Check Out What’s Out There

Now that you’ve refined your idea with some specifics, it’s time to do a little homework. You don’t want to put months of time and effort into writing a book only to find out that someone has written it before you. Fortunately, Amazon is an effective research tool for publishing. Type in some keywords that describe your topic and see what comes back. There might be a lot of books on your chosen topic, in which case, you’ll have to look at each one more closely. What do they cover? Who’s their audience? Are they out of date? Your goal is to find something to differentiate your book from ones that already exist. You might need to back up a few steps and define a different audience, or take a different angle on the problem. In the worst case, maybe the exact book you want to write already exists, in which case you’ll have to decide whether you want to continue.

On the other hand, maybe there aren’t any books on your chosen topic, in which case you’ll have to ask yourself why that is. If you’re lucky, it’s because the technology is new, and nobody has a book out yet. Or it could be that the audience for the book is too small to interest a publisher. Sometimes enthusiasts get stuck in an echo chamber, where it seems like everyone they know is using the same language or framework, but it doesn’t have any traction in the wider world. With new technologies, it can be hard to tell which situation you’re in. You need to take an objective look at your topic, and maybe do some research into user numbers to determine if you have enough of an audience to write for. This isn’t wasted effort, as you’ll need those numbers to convince a publisher later on.

Make an Outline

Yes, I said make an outline. If that’s causing you flashbacks to high-school English classes, there’s a reason. While you’ve done a lot of the groundwork already, the only way to really know what the content will look like is to start writing stuff down. An outline provides a shape to the book, a framework to hang content on later. You’re not locking yourself in at this point; outlines can change throughout the writing process. To take the pain out of outlining, I recommend a two-step process: brain-dump, then refine.

Brain-Dump First

At the beginning of this process, you defined the problem in terms of a verb. Now take it a step further and start thinking about tasks. What are the things that readers will do with this language, framework, or tool? If you’re an expert in it, think about the things that you generally use it for. If you use it at work, walk through a typical day. If it’s a side-project, walk through a typical session. Write those things down. Don’t worry about whether they’re obvious tasks or edge cases, and don’t try to put them in order; just get them down somewhere.

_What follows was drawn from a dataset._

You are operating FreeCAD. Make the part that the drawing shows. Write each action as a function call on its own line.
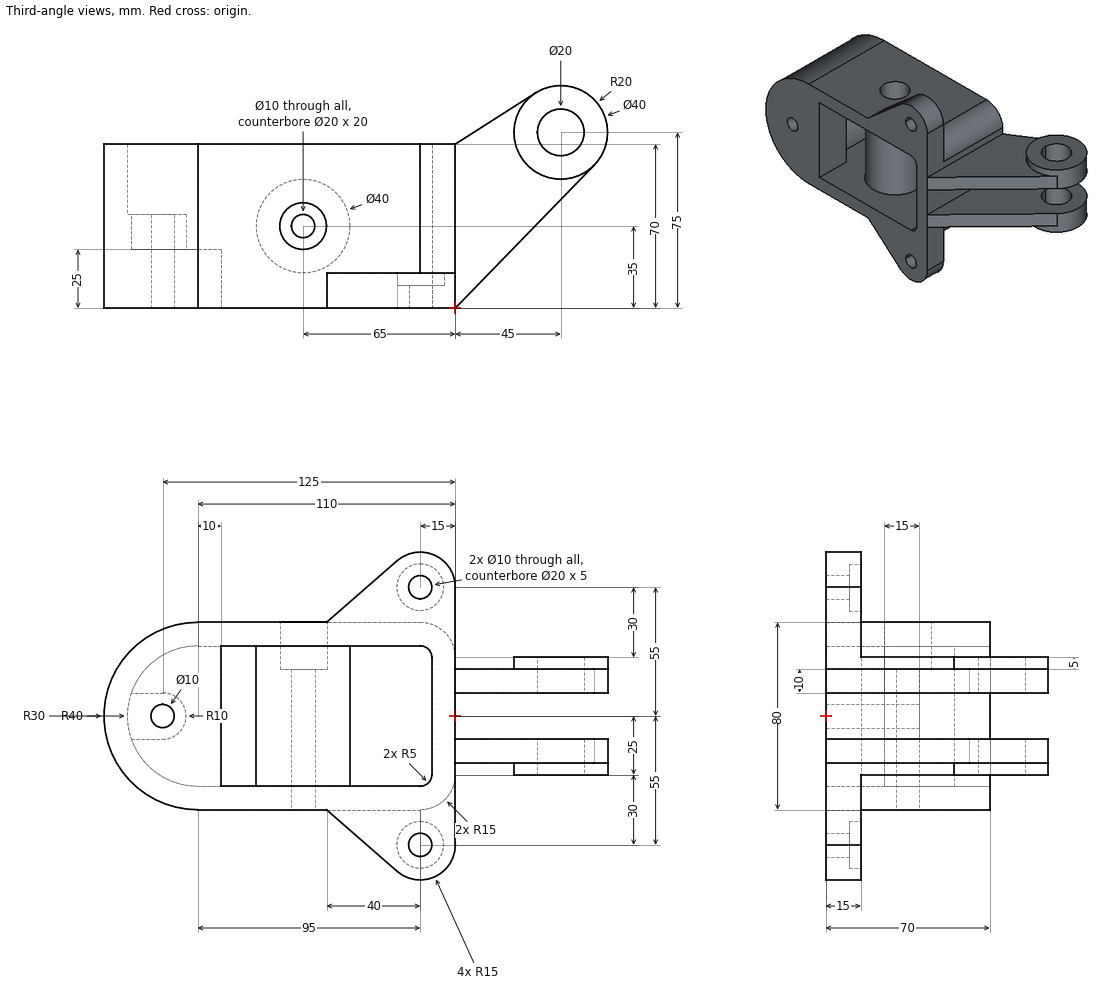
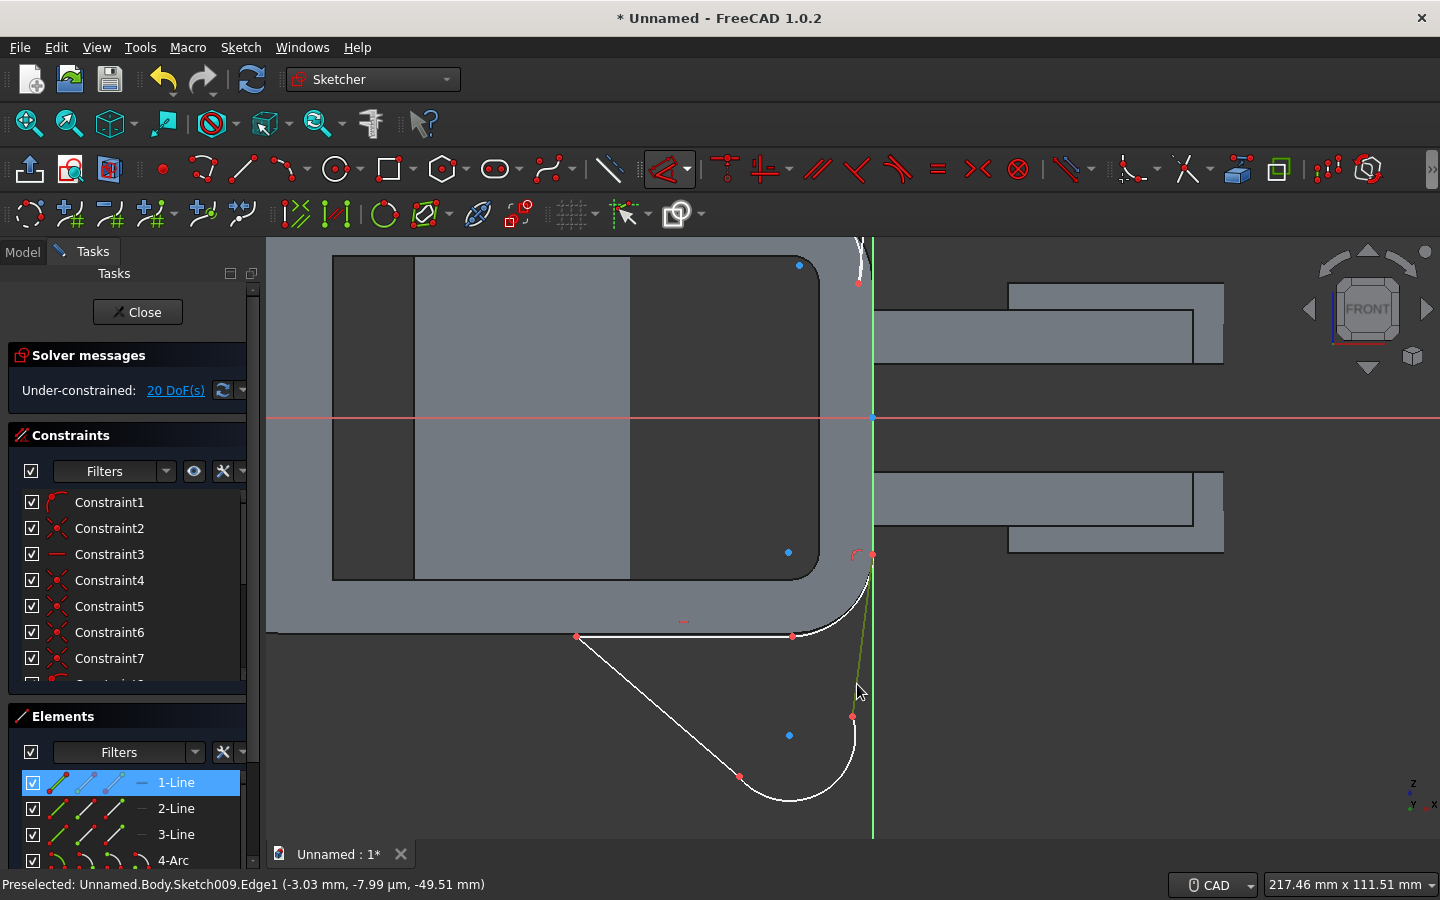
click(786, 801)
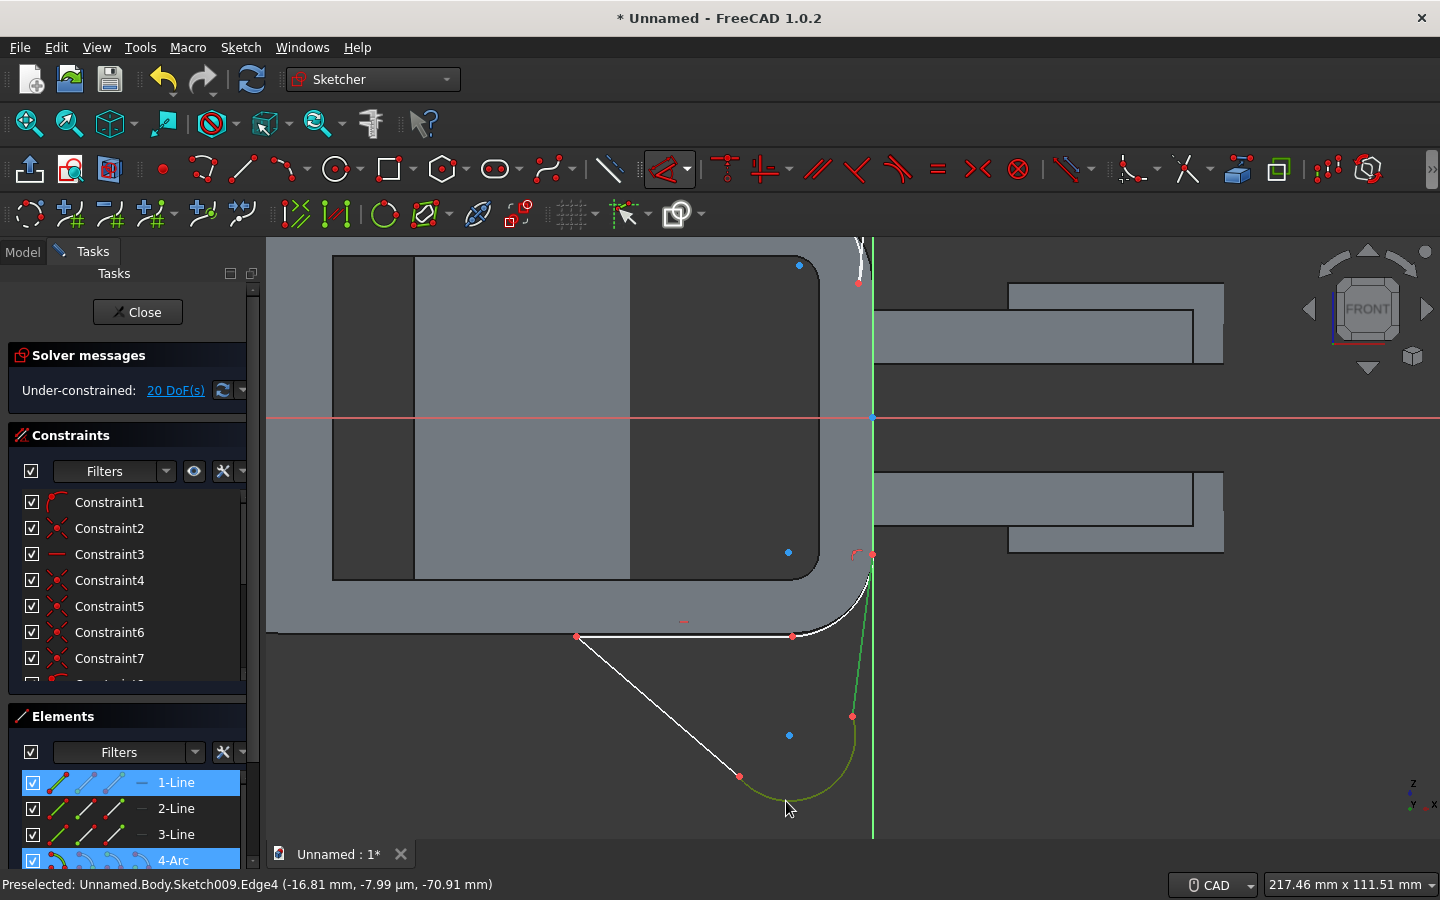
key(t)

Keep your focus on verbs rather than nouns. It’s easy to start thinking about features — if you’re writing about a language, you might start thinking about data types, functions, interfaces, concurrency, and other nouns. That way lies documentation. Instead, think about what the reader will have to do with those features. You can find outlining or planning apps out there to help if you like, but I normally just use a plain text file or a piece of paper. This brainstorming will probably take multiple sessions over a period of time. You might think of something while brushing your teeth or doing something else completely unrelated to your topic. That’s normal; just write it down when you get a chance. Eventually you’ll run out of ideas, and now it’s time for the next step.

Refine the Outline

Take the pile of tasks you’ve created, and start to sort them into some kind of order. Take the low-hanging fruit first, and put it up front. Then take the edge cases, the stuff you’d only do rarely, and put those at the end. Maybe some of them are too much edge-case to include, but don’t throw them away yet. If there’s something you don’t think you should include, set it off to the side; you might change your mind later. That will leave you with some tasks that fall in the middle. Start looking for patterns, a logical progression from one task to another. Maybe “make a login widget” is one task. That might lead to “verify a username and password,” which might in turn lead to “access the user database.” That tells you what order those things need to go in.

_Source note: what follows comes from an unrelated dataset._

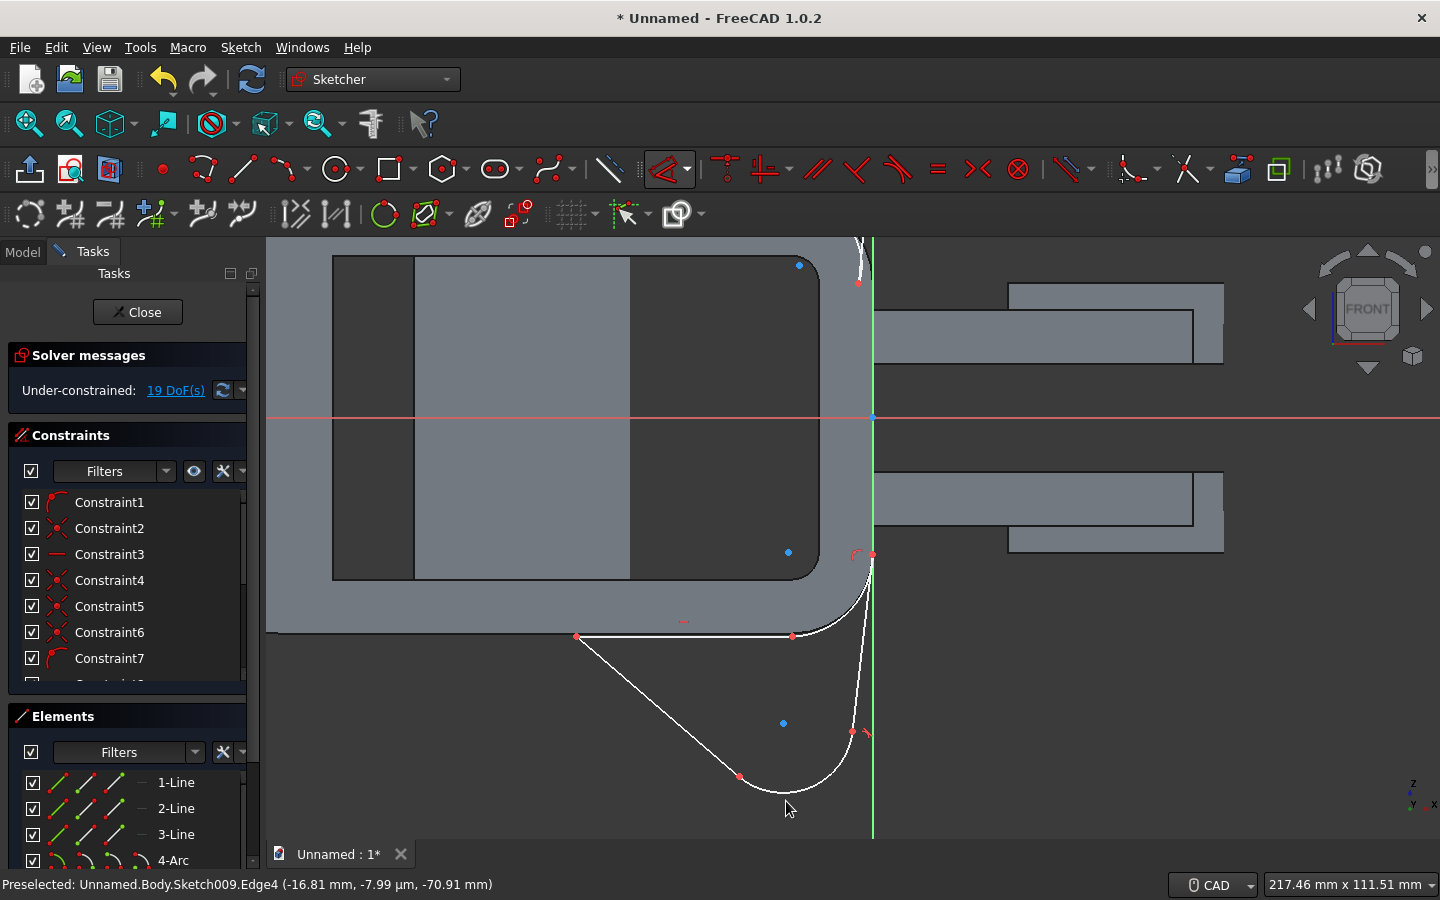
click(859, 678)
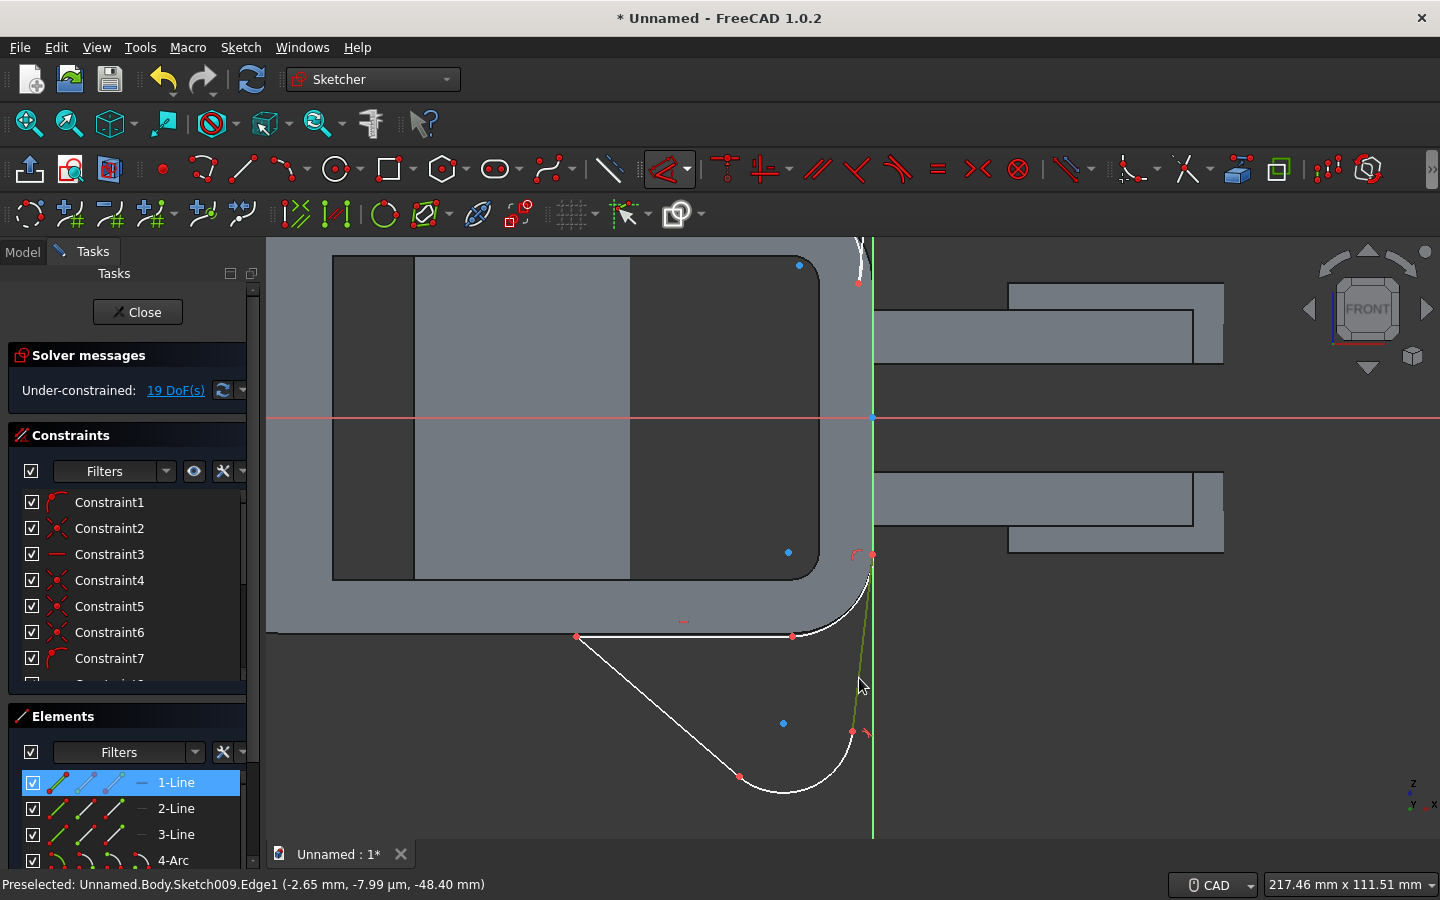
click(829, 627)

Once you’ve done that much sorting, you’ll probably be left with things that don’t have an obvious home. Which is more important, search algorithms or JSON encoding? You don’t have to have it perfect right now. If there’s no obvious progression or hierarchy to the topics, just stick them in a reasonable place and move on. When you get to the writing phase, you’ll have more information to make your choice.

You’ve done a lot of work at this point. You’ve taken a vague idea and refined it into something that you could pitch to a publisher. You even have the framework to start writing. I don’t recommend getting heavily into the writing if you plan to work with a traditional publisher.

About the Author

Brian MacDonald has been an editor of technical publications for over 18 years. For most of that time, he ran his own business, with clients including O’Reilly, Wiley, Apress, Wrox, Osborne, and Manning. He also spent a few years as a technical writer at Microsoft. He has co-authored two editions of Learning C# and Learning ASP.NET for O’Reilly. He lives in southeastern Pennsylvania with his wife and son. You can follow him on Twitter at @bmac_editor.

Brian was the Senior Acquisitions Editor for the Pragmatic Bookshelf when he wrote this piece.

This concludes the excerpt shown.